→ Task directions
Below are some entries. Copy each line that holds the string "degrees".

Data entries:
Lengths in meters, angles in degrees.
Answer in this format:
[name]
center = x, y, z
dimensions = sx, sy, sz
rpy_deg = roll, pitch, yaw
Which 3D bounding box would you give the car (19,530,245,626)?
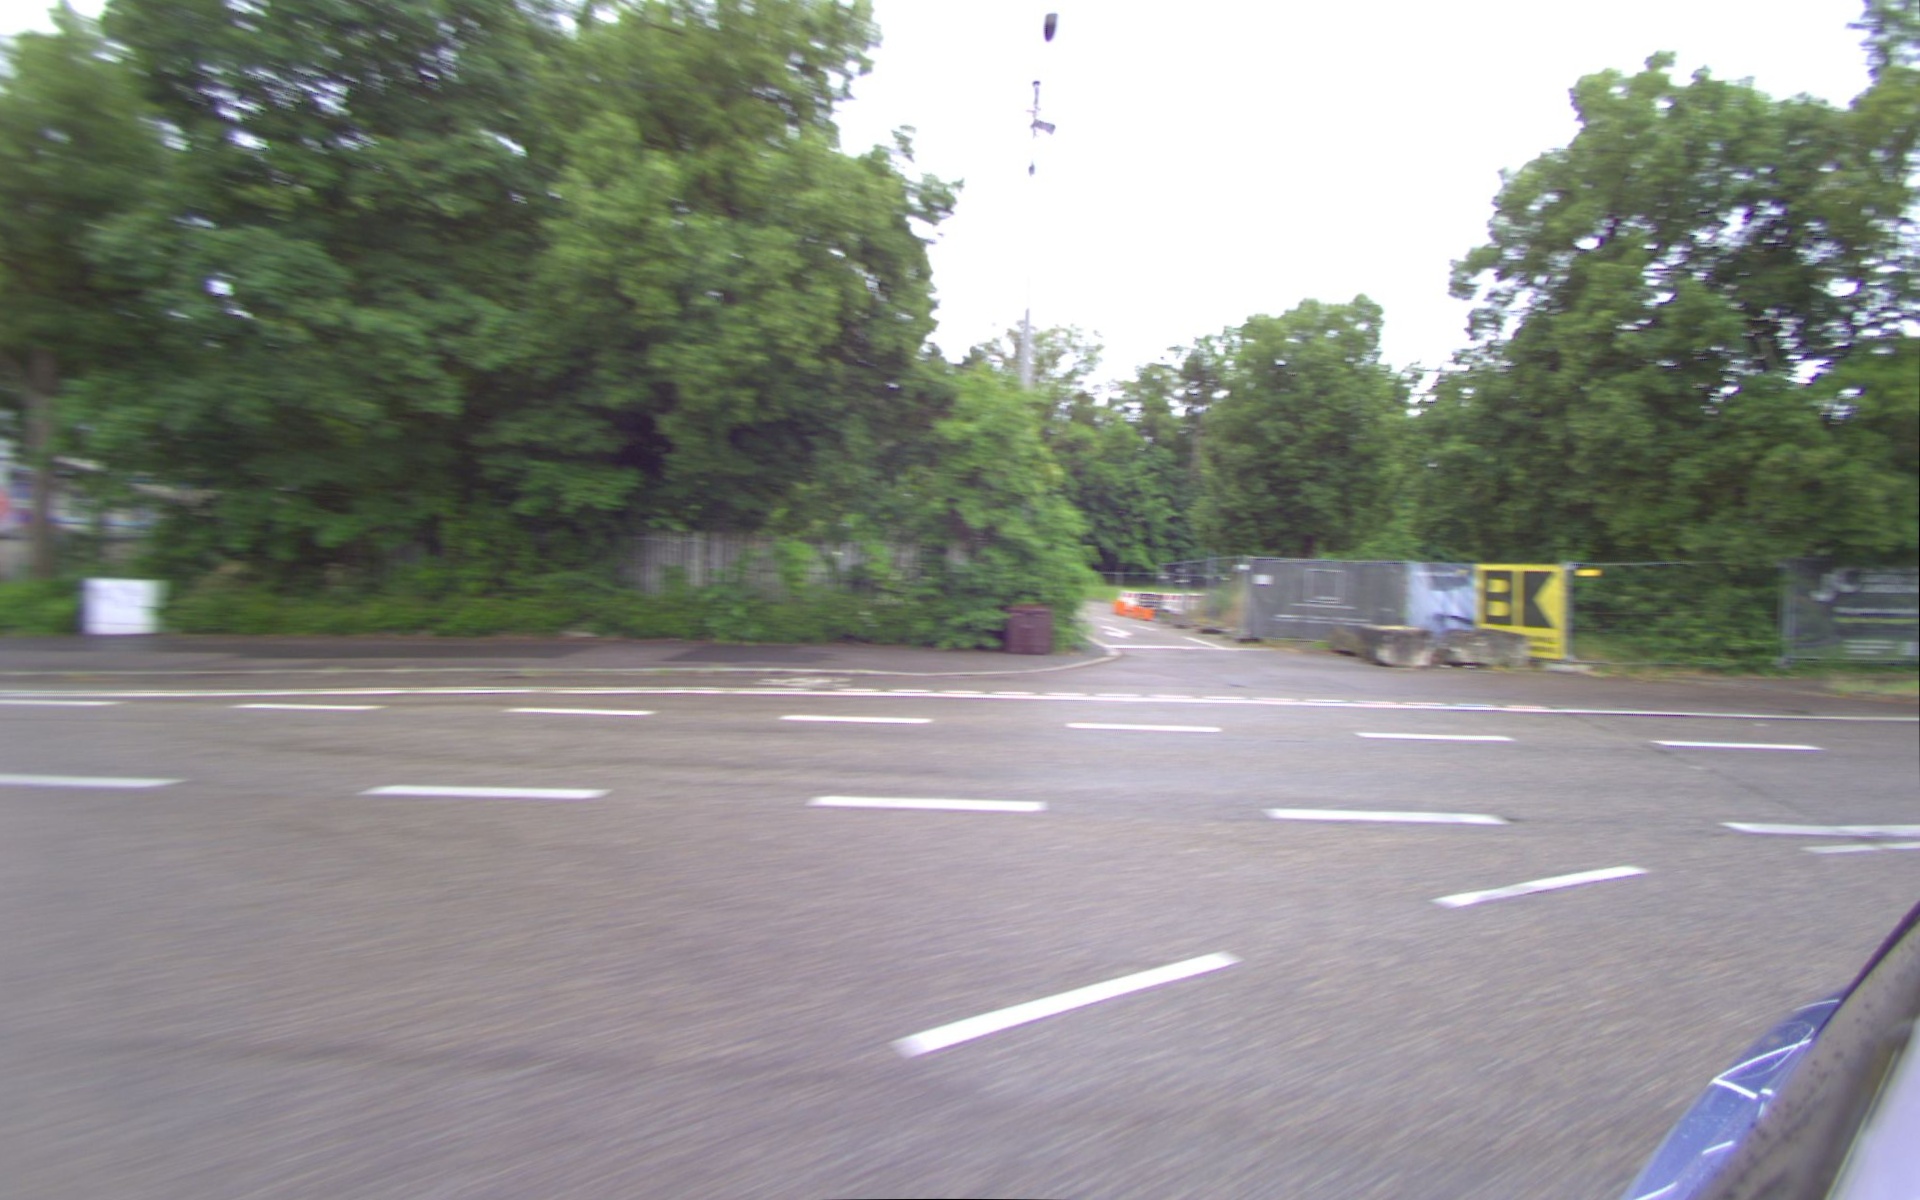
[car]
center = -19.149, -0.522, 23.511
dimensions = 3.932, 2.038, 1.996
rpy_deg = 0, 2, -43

==

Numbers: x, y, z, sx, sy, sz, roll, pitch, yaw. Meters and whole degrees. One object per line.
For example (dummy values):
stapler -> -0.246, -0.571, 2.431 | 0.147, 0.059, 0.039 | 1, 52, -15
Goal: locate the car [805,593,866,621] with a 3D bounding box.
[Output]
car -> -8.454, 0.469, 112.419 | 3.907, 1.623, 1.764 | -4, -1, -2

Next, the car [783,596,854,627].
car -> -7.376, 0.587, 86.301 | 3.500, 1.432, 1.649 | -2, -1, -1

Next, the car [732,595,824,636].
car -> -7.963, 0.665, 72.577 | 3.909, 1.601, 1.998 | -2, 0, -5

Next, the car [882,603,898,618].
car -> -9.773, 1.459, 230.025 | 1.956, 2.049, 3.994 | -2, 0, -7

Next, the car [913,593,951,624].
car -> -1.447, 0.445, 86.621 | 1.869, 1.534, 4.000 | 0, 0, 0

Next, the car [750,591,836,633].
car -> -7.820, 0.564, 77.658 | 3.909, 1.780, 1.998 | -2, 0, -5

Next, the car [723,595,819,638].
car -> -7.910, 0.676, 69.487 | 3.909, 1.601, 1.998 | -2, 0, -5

==

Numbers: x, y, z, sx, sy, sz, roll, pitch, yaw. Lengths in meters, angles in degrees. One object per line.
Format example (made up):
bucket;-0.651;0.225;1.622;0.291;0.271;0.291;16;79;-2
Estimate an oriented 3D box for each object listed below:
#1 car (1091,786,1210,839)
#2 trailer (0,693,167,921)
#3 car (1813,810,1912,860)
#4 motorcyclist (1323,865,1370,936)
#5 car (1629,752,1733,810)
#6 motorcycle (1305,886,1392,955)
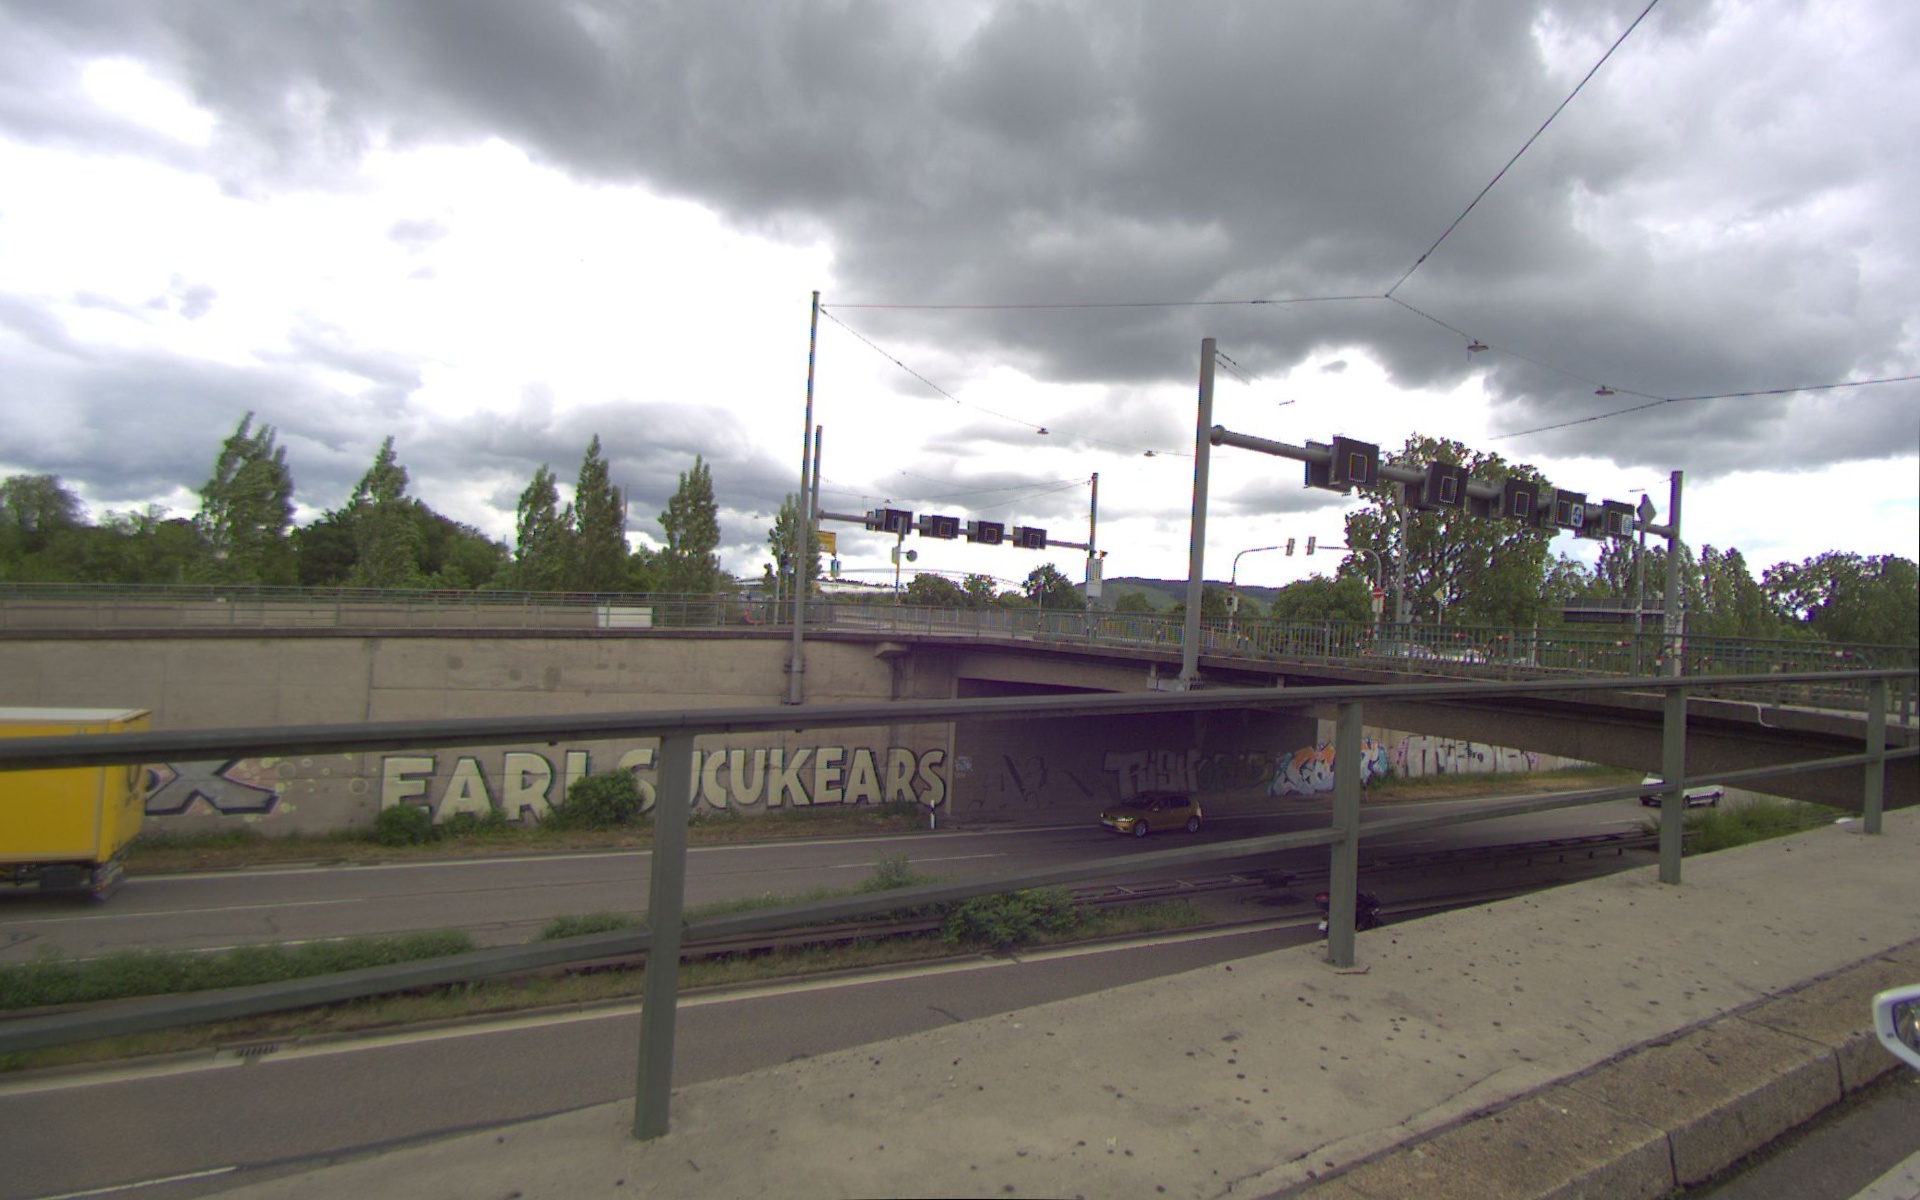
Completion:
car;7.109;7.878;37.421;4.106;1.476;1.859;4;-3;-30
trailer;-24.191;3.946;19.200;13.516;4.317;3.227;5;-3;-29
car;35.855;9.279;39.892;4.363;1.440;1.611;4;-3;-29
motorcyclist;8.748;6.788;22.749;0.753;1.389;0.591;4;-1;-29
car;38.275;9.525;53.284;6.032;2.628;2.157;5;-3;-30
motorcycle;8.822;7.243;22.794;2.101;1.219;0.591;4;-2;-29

→ Exercise answer
Lengths in meters, angles in degrees.
Numbers: x, y, z, sx, sy, sz, roll, pitch, yaw. Meters and whole degrees. One object per line.
Numbers: x, y, z, sx, sy, sz, roll, pitch, yaw. Lengths in meters, angles in degrees. One object per line.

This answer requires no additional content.